Agreed that high school textbooks are almost certainly going to equate \(\log\) with \(\log_{10}\). However, different progenitors for MATLAB and Mathematica, so if they both went down that path (I haven't used MATLAB in decades, and don't recall), it appears that multiple people thought the natural log was the natural default :-)

Answer 17

Ahh yess... wolfram also thinks natural log is more natural so it interprets log as base e by default lol

Answer 18

but it does helpfully offer to interpret it otherwise most of the time.

Answer 19

review all below at the same time... they're all related closely :
1) log functions
2) exponent functions
3) inverse functions

Answer 20

I've often wondered why they aren't more typically taught together.

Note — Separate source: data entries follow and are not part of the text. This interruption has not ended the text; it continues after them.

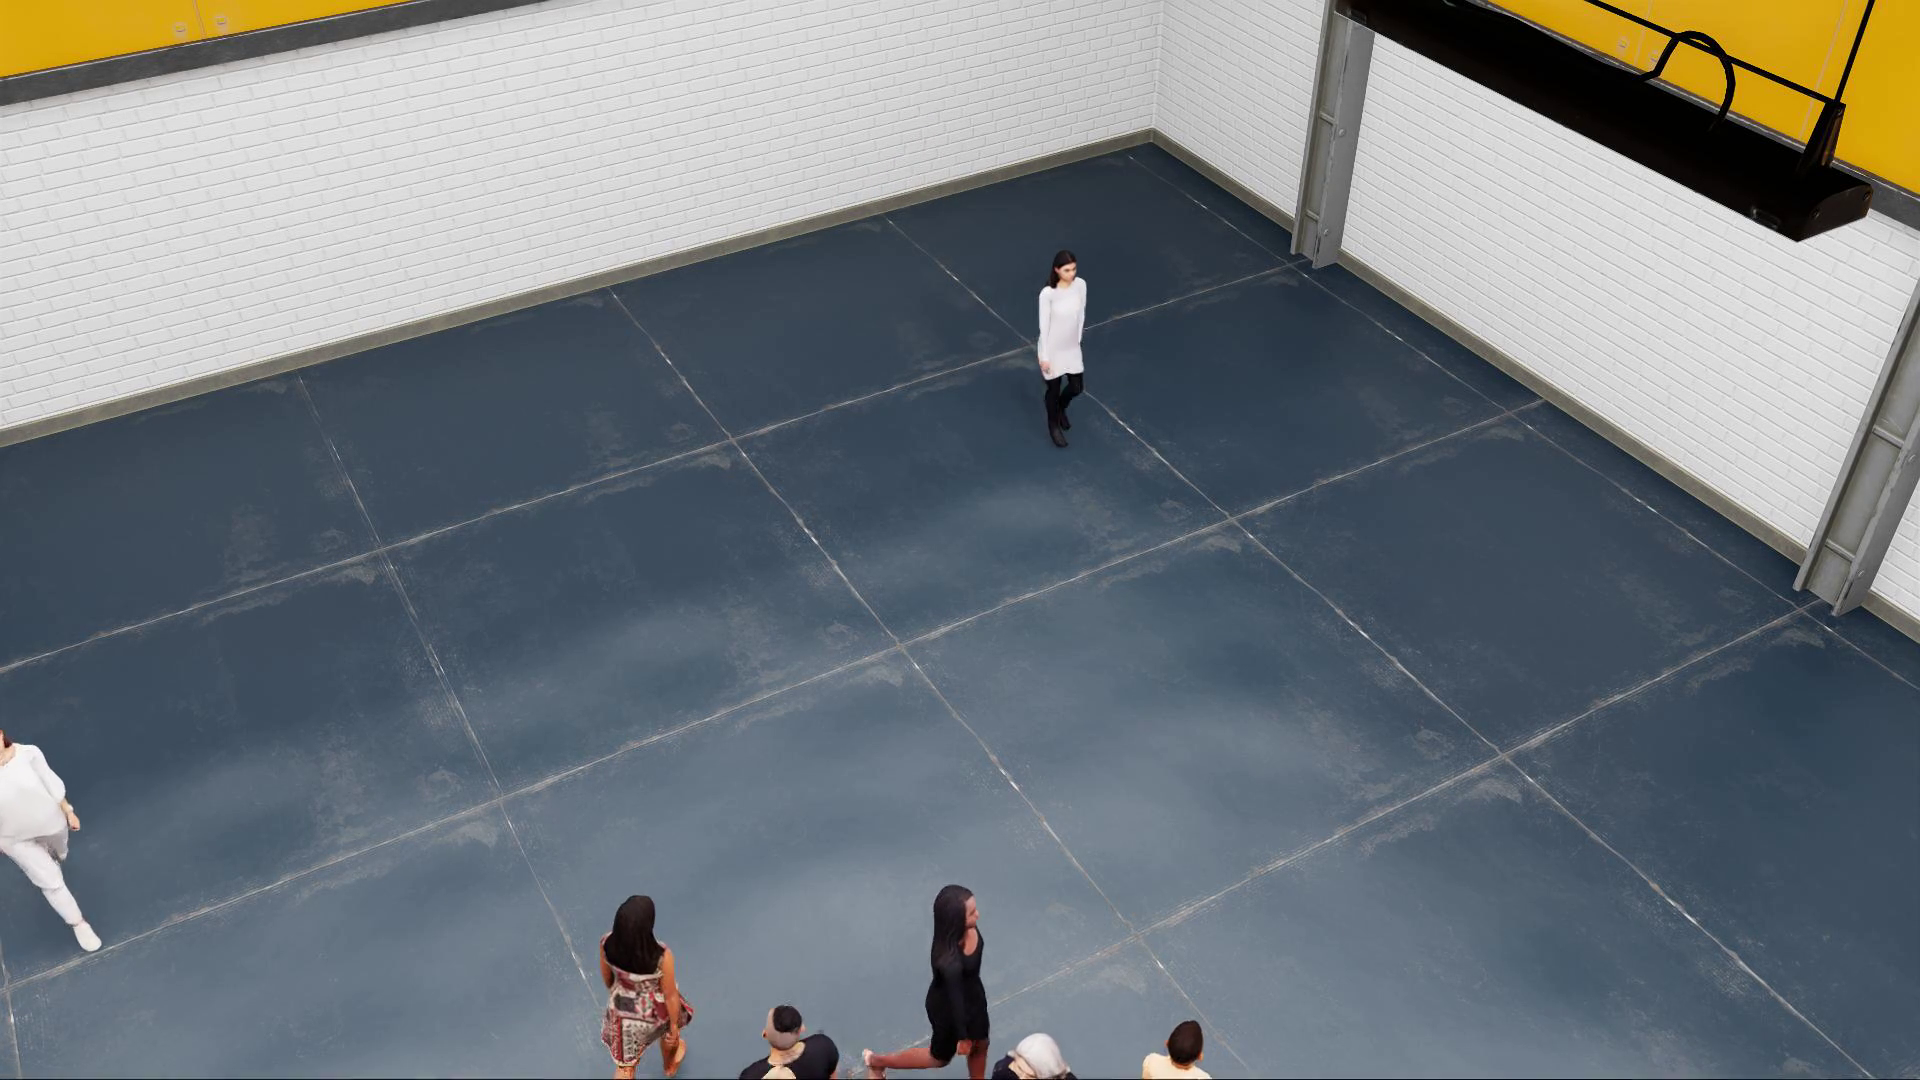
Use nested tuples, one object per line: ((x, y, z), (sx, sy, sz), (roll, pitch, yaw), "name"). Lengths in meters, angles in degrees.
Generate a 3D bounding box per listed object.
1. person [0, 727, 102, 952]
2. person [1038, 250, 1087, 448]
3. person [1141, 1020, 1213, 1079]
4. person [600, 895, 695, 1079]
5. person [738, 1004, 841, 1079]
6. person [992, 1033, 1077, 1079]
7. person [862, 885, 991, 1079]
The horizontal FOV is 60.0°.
((-5.440, 1.614, 9.688), (1.145, 1.657, 0.795), (32, 48, 33), "person")
((0.779, -1.599, 13.602), (0.631, 1.794, 0.661), (-17, 42, -20), "person")
((1.021, 2.913, 8.234), (0.889, 1.442, 0.946), (10, 40, 13), "person")
((-1.668, 2.496, 8.618), (1.047, 1.615, 1.162), (6, 39, 7), "person")
((-0.782, 2.818, 8.014), (0.721, 1.865, 0.608), (-26, 45, -29), "person")
((0.331, 2.911, 7.992), (0.696, 1.747, 0.755), (10, 40, 12), "person")
((-0.107, 2.411, 8.658), (1.112, 1.697, 1.072), (9, 39, 11), "person")
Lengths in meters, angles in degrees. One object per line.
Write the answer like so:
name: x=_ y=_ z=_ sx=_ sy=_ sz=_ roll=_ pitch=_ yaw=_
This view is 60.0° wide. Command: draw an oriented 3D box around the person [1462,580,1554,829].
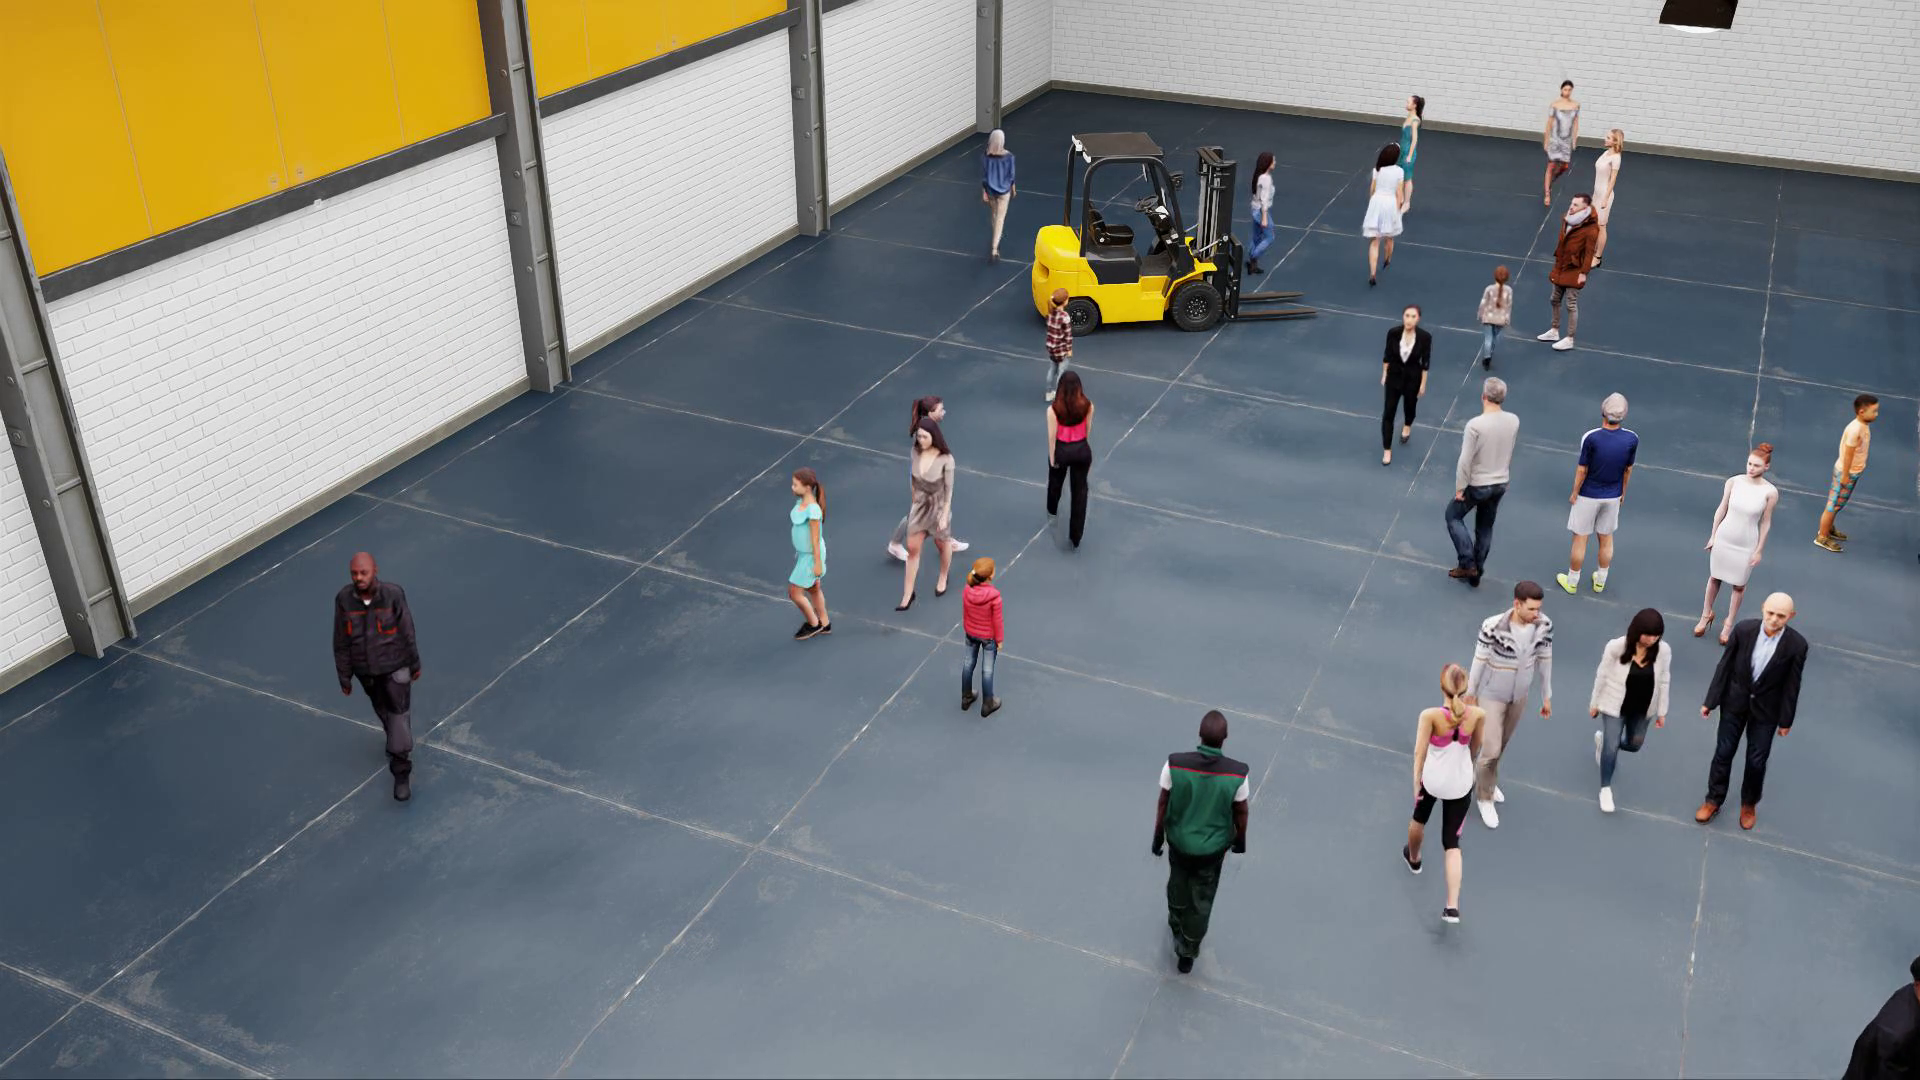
person: x=3.755 y=1.019 z=11.636 sx=0.948 sy=1.843 sz=1.016 roll=-8 pitch=30 yaw=-15

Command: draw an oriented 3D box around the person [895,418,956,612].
person: x=-0.199 y=-0.263 z=14.117 sx=0.593 sy=1.717 sz=0.930 roll=13 pitch=31 yaw=23

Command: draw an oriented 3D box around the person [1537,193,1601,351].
person: x=7.070 y=-3.121 z=19.233 sx=0.890 sy=1.836 sz=0.837 roll=-12 pitch=31 yaw=-21

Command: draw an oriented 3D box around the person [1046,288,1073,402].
person: x=1.059 y=-2.085 z=17.890 sx=0.645 sy=1.304 sz=0.610 roll=-17 pitch=33 yaw=-29

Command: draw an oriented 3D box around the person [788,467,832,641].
person: x=-1.153 y=0.114 z=13.603 sx=0.741 sy=1.548 sz=0.675 roll=-7 pitch=29 yaw=-13

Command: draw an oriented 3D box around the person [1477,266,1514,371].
person: x=6.034 y=-2.489 z=18.765 sx=0.631 sy=1.175 sz=0.809 roll=4 pitch=29 yaw=7

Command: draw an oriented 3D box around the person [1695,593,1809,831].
person: x=5.469 y=1.128 z=11.485 sx=0.779 sy=1.797 sz=0.741 roll=21 pitch=35 yaw=33

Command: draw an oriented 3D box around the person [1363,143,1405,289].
person: x=5.330 y=-4.068 z=21.032 sx=0.730 sy=1.775 sz=1.156 roll=9 pitch=30 yaw=16

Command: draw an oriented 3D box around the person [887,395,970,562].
person: x=-0.368 y=-0.530 z=14.756 sx=0.869 sy=1.574 sz=0.983 roll=1 pitch=29 yaw=2

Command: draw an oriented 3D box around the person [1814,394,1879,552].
person: x=8.041 y=-0.638 z=15.072 sx=0.627 sy=1.461 sz=0.484 roll=20 pitch=34 yaw=32

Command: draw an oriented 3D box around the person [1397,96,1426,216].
person: x=6.386 y=-5.498 z=23.748 sx=0.689 sy=1.685 sz=0.571 roll=-2 pitch=29 yaw=-4

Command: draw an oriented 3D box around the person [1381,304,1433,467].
person: x=4.468 y=-1.599 z=16.665 sx=0.672 sy=1.624 sz=1.080 roll=9 pitch=30 yaw=16

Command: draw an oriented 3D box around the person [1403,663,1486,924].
person: x=3.124 y=1.632 z=10.607 sx=0.915 sy=1.752 sz=1.227 roll=1 pitch=29 yaw=2

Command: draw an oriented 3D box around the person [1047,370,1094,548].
person: x=1.020 y=-0.705 z=15.045 sx=0.961 sy=1.604 sz=1.167 roll=-3 pitch=29 yaw=-6

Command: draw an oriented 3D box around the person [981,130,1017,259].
person: x=0.499 y=-4.554 z=22.049 sx=0.717 sy=1.654 sz=1.187 roll=8 pitch=30 yaw=15

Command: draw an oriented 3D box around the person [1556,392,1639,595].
person: x=5.468 y=-0.391 z=14.226 sx=0.712 sy=1.838 sz=0.702 roll=-1 pitch=29 yaw=-1

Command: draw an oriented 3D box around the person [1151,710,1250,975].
person: x=1.437 y=1.878 z=10.082 sx=0.793 sy=1.823 sz=0.849 roll=7 pitch=29 yaw=13

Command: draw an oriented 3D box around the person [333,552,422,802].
person: x=-4.169 y=0.858 z=11.995 sx=1.096 sy=1.782 sz=1.307 roll=-3 pitch=29 yaw=-5

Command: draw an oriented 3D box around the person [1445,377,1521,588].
person: x=4.541 y=-0.438 z=14.262 sx=0.859 sy=1.886 sz=0.910 roll=-9 pitch=30 yaw=-16

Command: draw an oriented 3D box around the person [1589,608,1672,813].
person: x=4.683 y=1.116 z=11.689 sx=0.836 sy=1.623 sz=0.973 roll=5 pitch=29 yaw=9

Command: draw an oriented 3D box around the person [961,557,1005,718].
person: x=0.156 y=0.729 z=12.721 sx=0.526 sy=1.313 sz=0.511 roll=17 pitch=33 yaw=28

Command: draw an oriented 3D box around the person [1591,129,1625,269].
person: x=8.395 y=-4.455 z=21.684 sx=0.703 sy=1.831 sz=0.580 roll=-1 pitch=29 yaw=-1

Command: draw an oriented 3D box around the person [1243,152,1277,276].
person: x=3.795 y=-4.187 z=21.408 sx=0.785 sy=1.625 sz=0.694 roll=-3 pitch=29 yaw=-5

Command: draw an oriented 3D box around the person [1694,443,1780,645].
person: x=6.310 y=0.039 z=13.486 sx=0.629 sy=1.793 sz=0.579 roll=23 pitch=36 yaw=35

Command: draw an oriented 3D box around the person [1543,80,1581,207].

Even people who seem to understand exponents well are often befuddled by logs being taught at another time, and inverse functions, well...

Answer 21

I'm getting that close relationship between logs & exponents. If anyone is reading this question feeling like I've been feeling this video really helped for me http://www.youtube.com/watch?v=r0YkfZxEaIc might help someone else with a similar lack of understanding.

Answer 22

nice video, ty for sharing :) u wil need to practice more... and stare at graphs of \(y=10^x \)and \(y = \log_{10} x\) etc.. a hundred times before feeling confident about logarithms and stuff.... good luck !

Answer 23

if \((a,b)\) is a point on graph \(y=10^x\),
then \((b, a)\) will exist on graph \(y = \log_{10} x\)